# Linear Algebra/Direct Sum

Let V be a vector space, and let H1, H2, H3, ..., Hn are all subspaces of V. V is defined to be a direct sum of H1, H2, H3, ..., Hn when

1. For every x within V, there is xn within Hn such that

${\displaystyle x=\sum _{i=1}^{n}x_{n}}$
2. When xn and yn is within Hn

${\displaystyle \sum _{i=1}^{n}x_{n}=\sum _{i=1}^{n}y_{n}}$

implies that xn=yn.

The second condition can easily be proven to be equivalent to the following statement:

When xn are elements of Hn, then

${\displaystyle x=\sum _{i=1}^{n}x_{n}=0}$

implies that all xn are also equal to 0.

Because of the second condition, the intersection of any two of the subspaces involved in a direct sum is the single element {0} where 0 is the 0 vector.
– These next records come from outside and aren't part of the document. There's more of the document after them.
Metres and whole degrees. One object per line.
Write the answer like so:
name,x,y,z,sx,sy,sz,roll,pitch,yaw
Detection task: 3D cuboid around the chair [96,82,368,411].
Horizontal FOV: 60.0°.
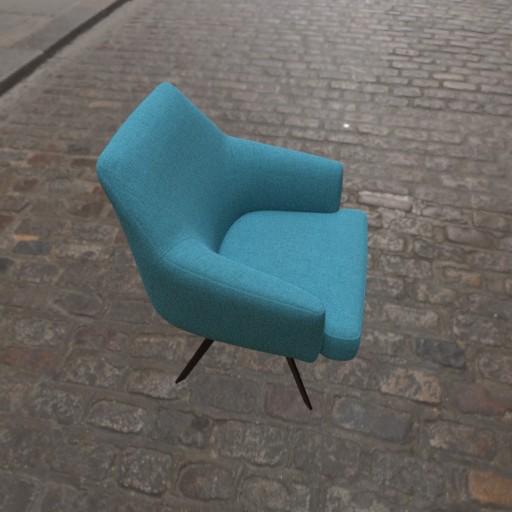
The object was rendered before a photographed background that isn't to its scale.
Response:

This implies that all n dimension spaces are a direct sum of n one-dimension subspaces.

## Theorem

If V is a vector space, then for any subspace H, there exists a subspace G such that V is a direct sum of H and G.

### Proof

Let {e1, e2,..., ek} be a basis of H. This can be extended to a basis of V, say, {e1, e2,..., en}. Then the space G spanned by {ek+1, ek+2,..., en} is such that V is a direct sum of H and G.

## General Sums

Given a vector space V, and H1, H2, H3, ..., Hn are all subspaces of V, then V is a sum of H1, H2, H3, ..., Hn are all subspaces of V when all elements of V can be expressed as a sum of elements in H1, H2, H3, ..., Hn.

## Exercises

1. Prove that the second condition is equivalent to the following statement:

When xn are elements of Hn, then

${\displaystyle x=\sum _{i=1}^{n}x_{n}=0}$
2. Prove that the intersection of of any two of the subspaces involved in a direct sum is the single element {0} where 0 is the 0 vector.